イランが提示した案にトランプ米大統領が懐疑的な見方を示したと伝わった。米CNNによるとイランは2〜3日以内に新たな提案を出す可能性があるという。対話は続いているが、交渉が長期化する可能性が意識された。
ダウ平均の構成銘柄では同日発表した四半期決算で、中東不安を背景に需要への不透明感とコスト上昇見通しを示したシャーウィン・ウィリアムズも売られた。
ダウ平均は上げる場面もあった。コカ・コーラが上昇した。28日朝に発表した2026年1〜3月期決算で売上高などが市場予想を上回り、通期の利益見通しを引き上げた。

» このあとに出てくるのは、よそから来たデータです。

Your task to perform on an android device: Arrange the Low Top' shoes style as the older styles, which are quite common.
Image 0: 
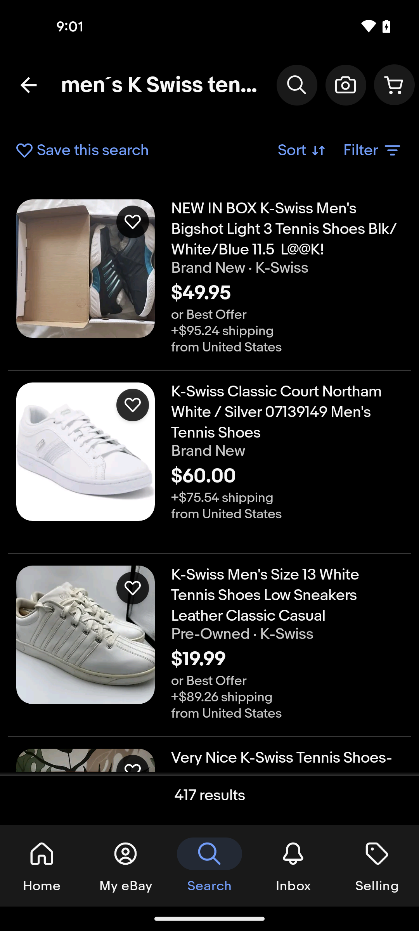
Tap on the filter option
Step 0: click (372, 151)
Image 2: 
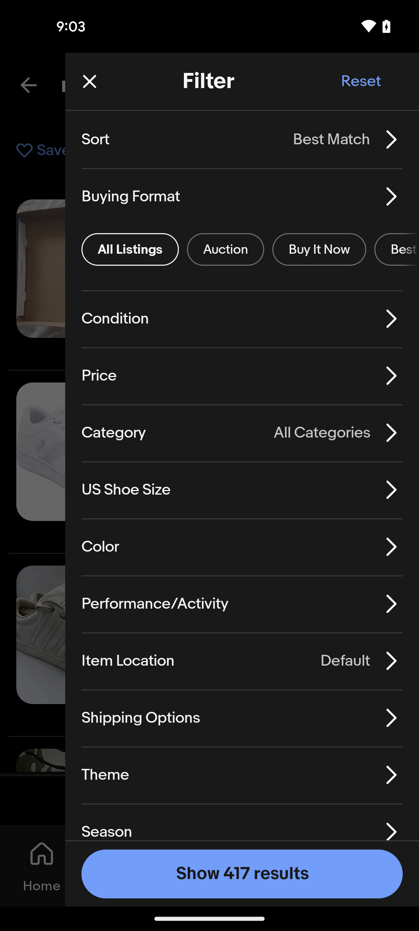
Swipe up to view shoes shaft style option 
Step 2: scroll down
Image 3: 
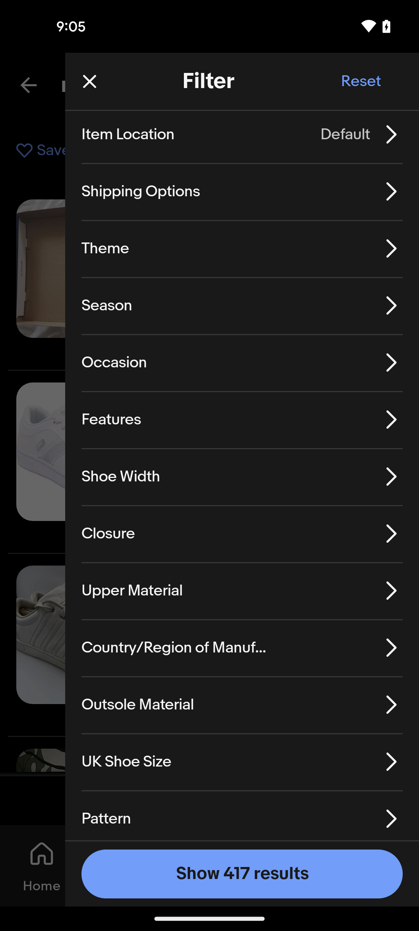
Swipe up to view shoes shaft style option 
Step 3: scroll down
Image 4: 
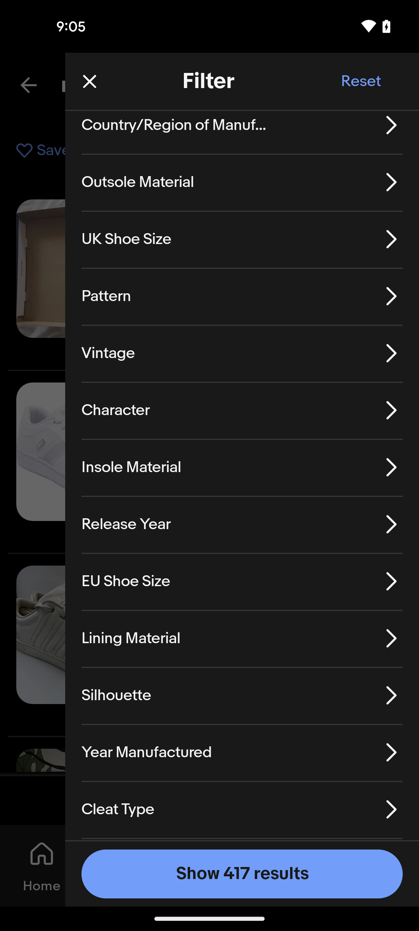
Swipe up to view shoes shaft style option 
Step 4: scroll down
Image 5: 
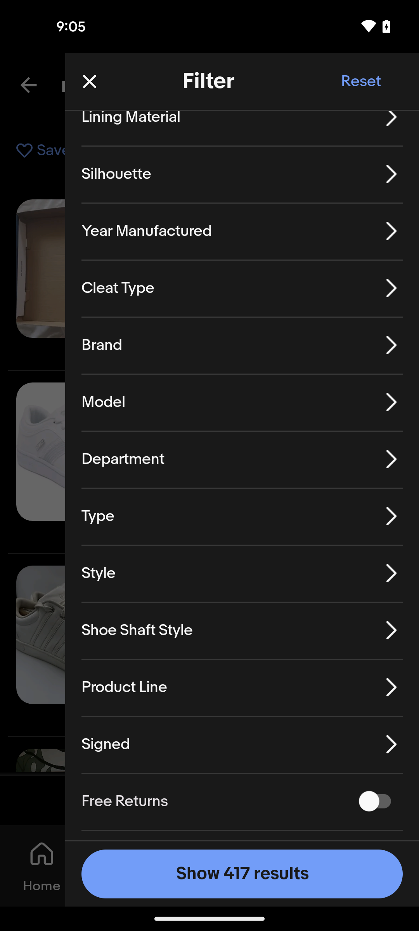
Tap on the shoe shaft style option
Step 5: click (137, 630)
Image 6: 
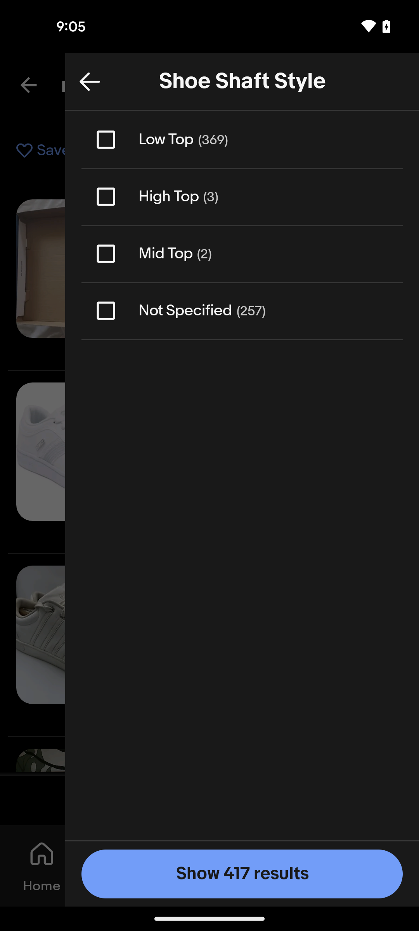
Tap on the low top option
Step 6: click (143, 151)
Image 7: 
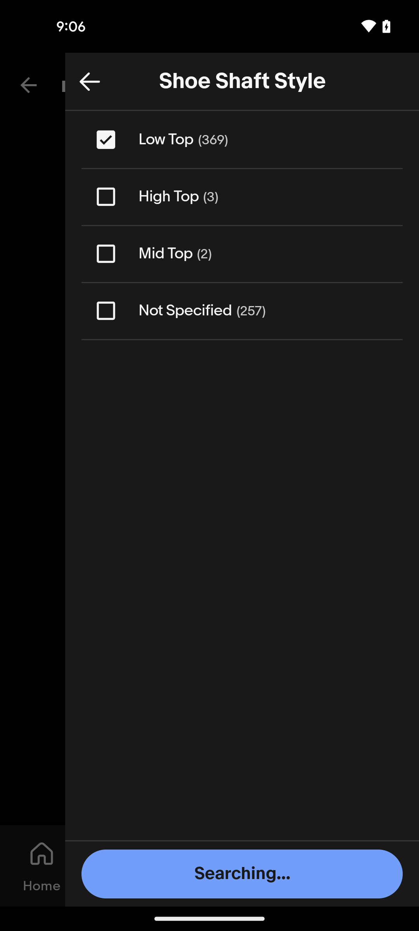
Tap on the low top option
Step 7: wait
Image 8: 
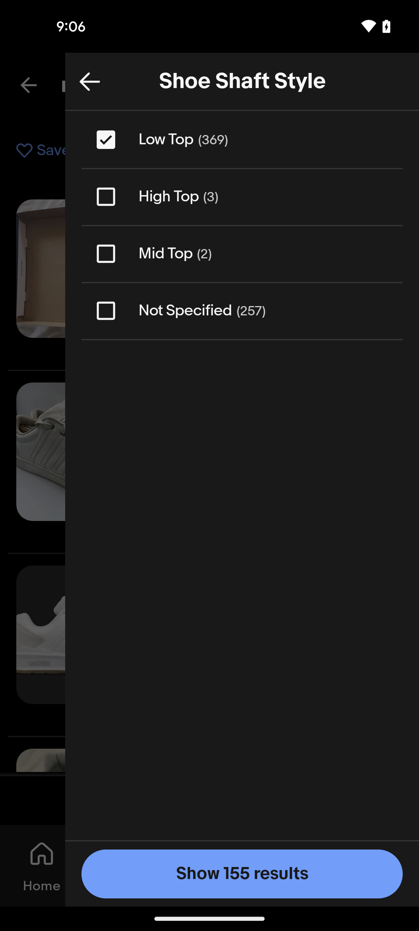
Tap on the show 155 results button
Step 8: click (221, 874)
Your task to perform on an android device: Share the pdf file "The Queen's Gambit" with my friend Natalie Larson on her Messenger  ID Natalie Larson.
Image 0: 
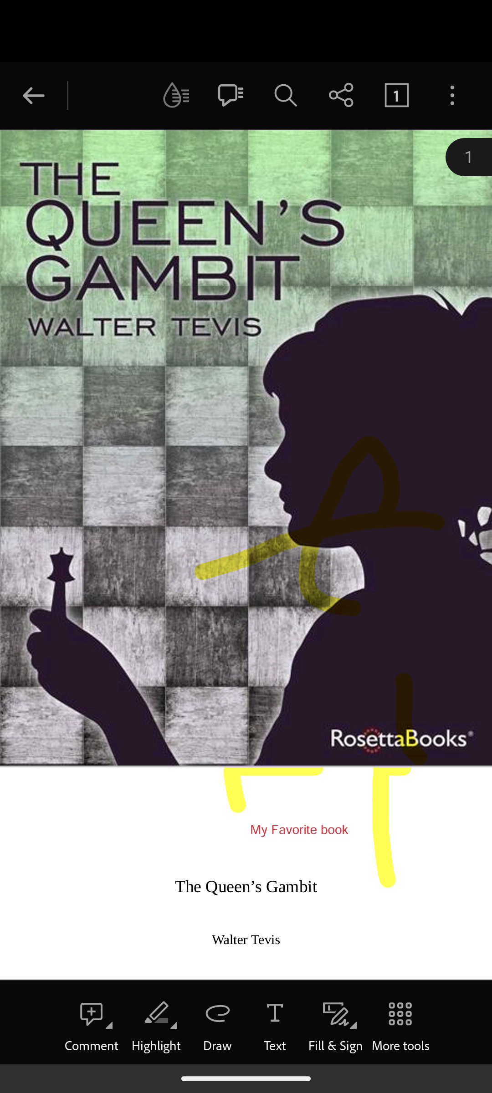
Click on the Share icon at the top.
Step 0: click (341, 95)
Image 1: 
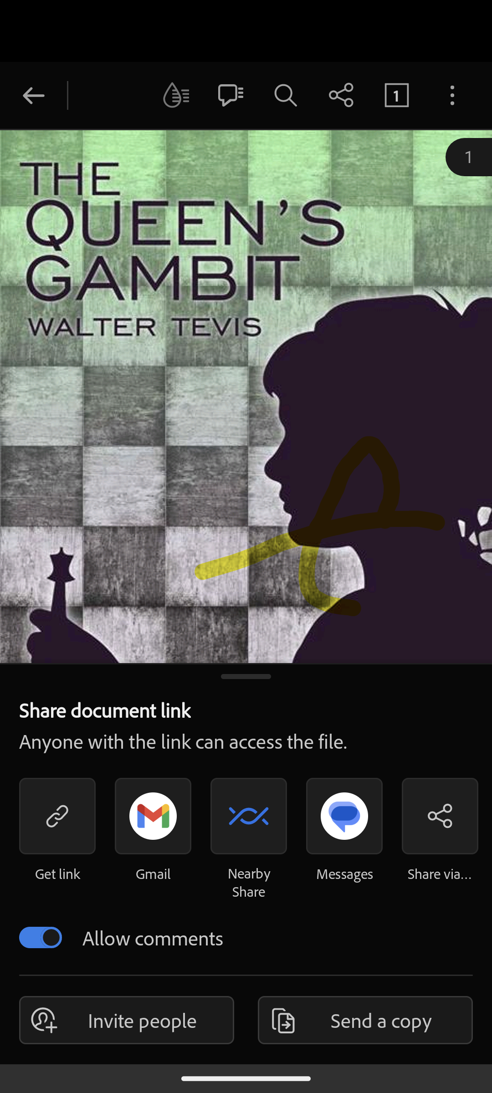
Click on the tab "Share Via".
Step 1: click (440, 816)
Image 2: 
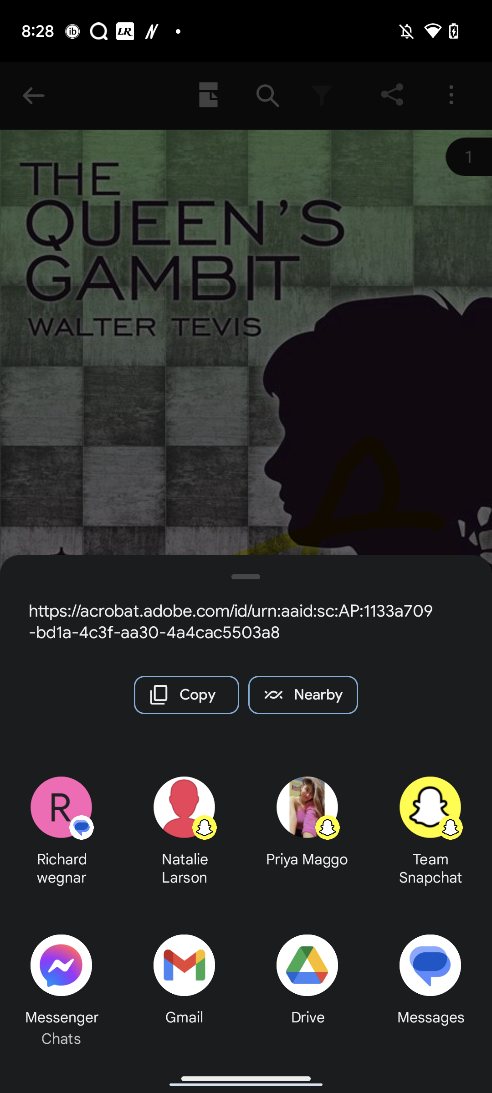
Click on the Messenger Chats tab.
Step 2: click (28, 955)
Image 3: 
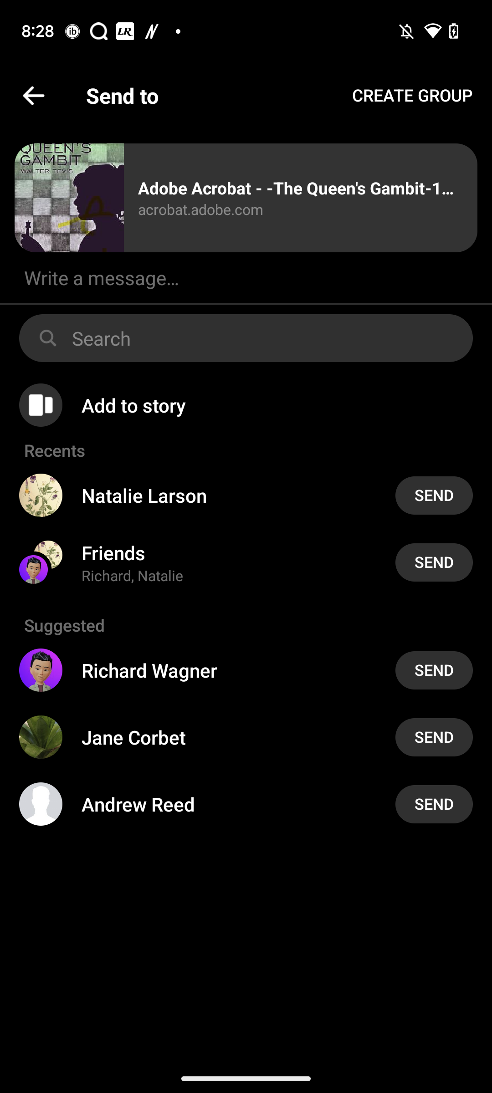
Click on the Send tab of Natalie Larson tab.
Step 3: click (434, 495)

前週までに決算発表を終えたユナイテッドヘルス・グループやジョンソン・エンド・ジョンソン(J&J)にも買いが入った。シェブロンも上昇した。アナリストが目標株価を引き上げたアップルも買われた。
ハイテク株比率が高いナスダック総合株価指数は3営業日ぶりに反落し、終値は前日比223.301ポイント(0.89%)安の2万4663.799(速報値)だった。半導体や半導体製造装置に加えてメモリーやストレージなどAIインフラ関連銘柄の下げが目立った。SOXは続落した。